Sacroiliac Joint: Pain, Causes and Treatment
Dr. Nabil Ebraheim is an orthopaedic surgeon practicing in Toledo, OH. Dr. Ebraheim specializes in the diagnosis, treatment and rehabilitation of injuries, diseases and disorders of the bodys musculoskeletal system. As an orthopaedic surgeon, Dr. Ebraheim tends to bones, ligaments, muscles, joints, nerves and tendons.... more
25% of patients with low back pain suffer as a result of sacroiliac joint related problems. Pain of the SI joint is an unappreciated problem that often simulates conditions associated with the lower back, spine, and hip. The symptoms sometime make it difficult to detect.

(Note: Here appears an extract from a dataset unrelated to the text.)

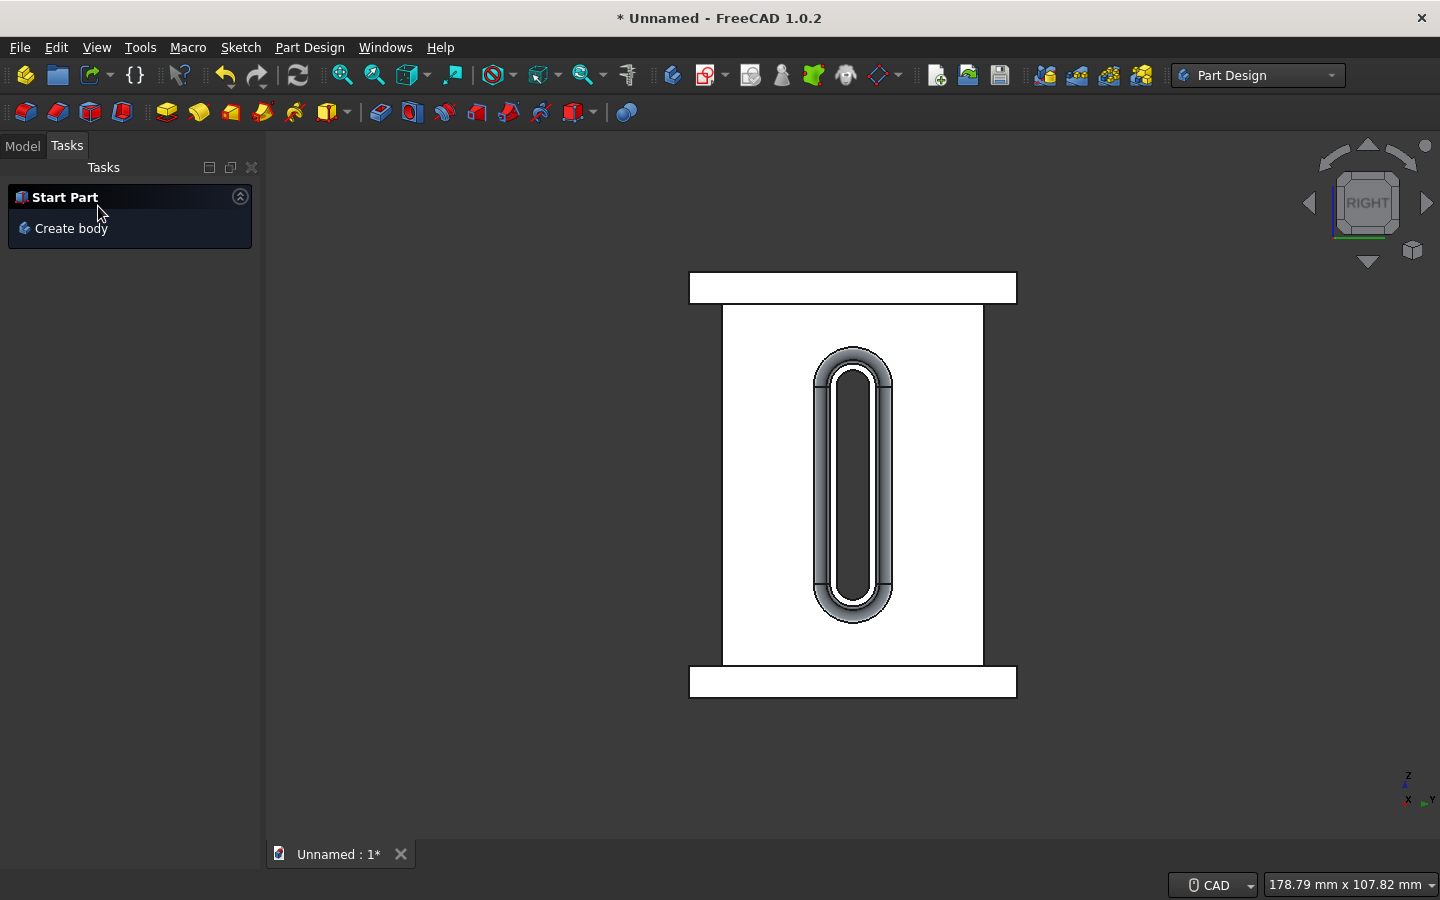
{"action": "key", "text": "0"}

Patients experiencing low back pain can spend months or even years in treatment without the correct diagnosis (SI joint disorder). Symptoms of sacroiliac joint dysfunction include low back pain, buttock and thigh pain, and difficulty and discomfort while sitting.
The SI joints are weight bearing joints which distribute weight from the spine to the lower extremities through the hip joints.
There are many different conditions that simulate sacroiliac joint pain. In the hip, trochanteric bursitis and piriformis syndrome may simulate SI joint pain. Myofascial pain and lumbosacral disc herniation or bulge in the spine may simulate SI joint pain.
Sacroiliac joint pain is usually under-diagnosed and can be mistaken for other causes of low back pain. The Faber test is helpful but not specific in determining the presence of SI joint problems. The patient is usually lying supine on the examination table with the leg of the affected side externally rotated and abducted. The foot should be placed onto the opposite knee. The physician will press down gently but firmly on the flexed knee and the opposite anterior superior iliac crest. Pain in the back of the sacroiliac area indicates a problem with the sacroiliac joints.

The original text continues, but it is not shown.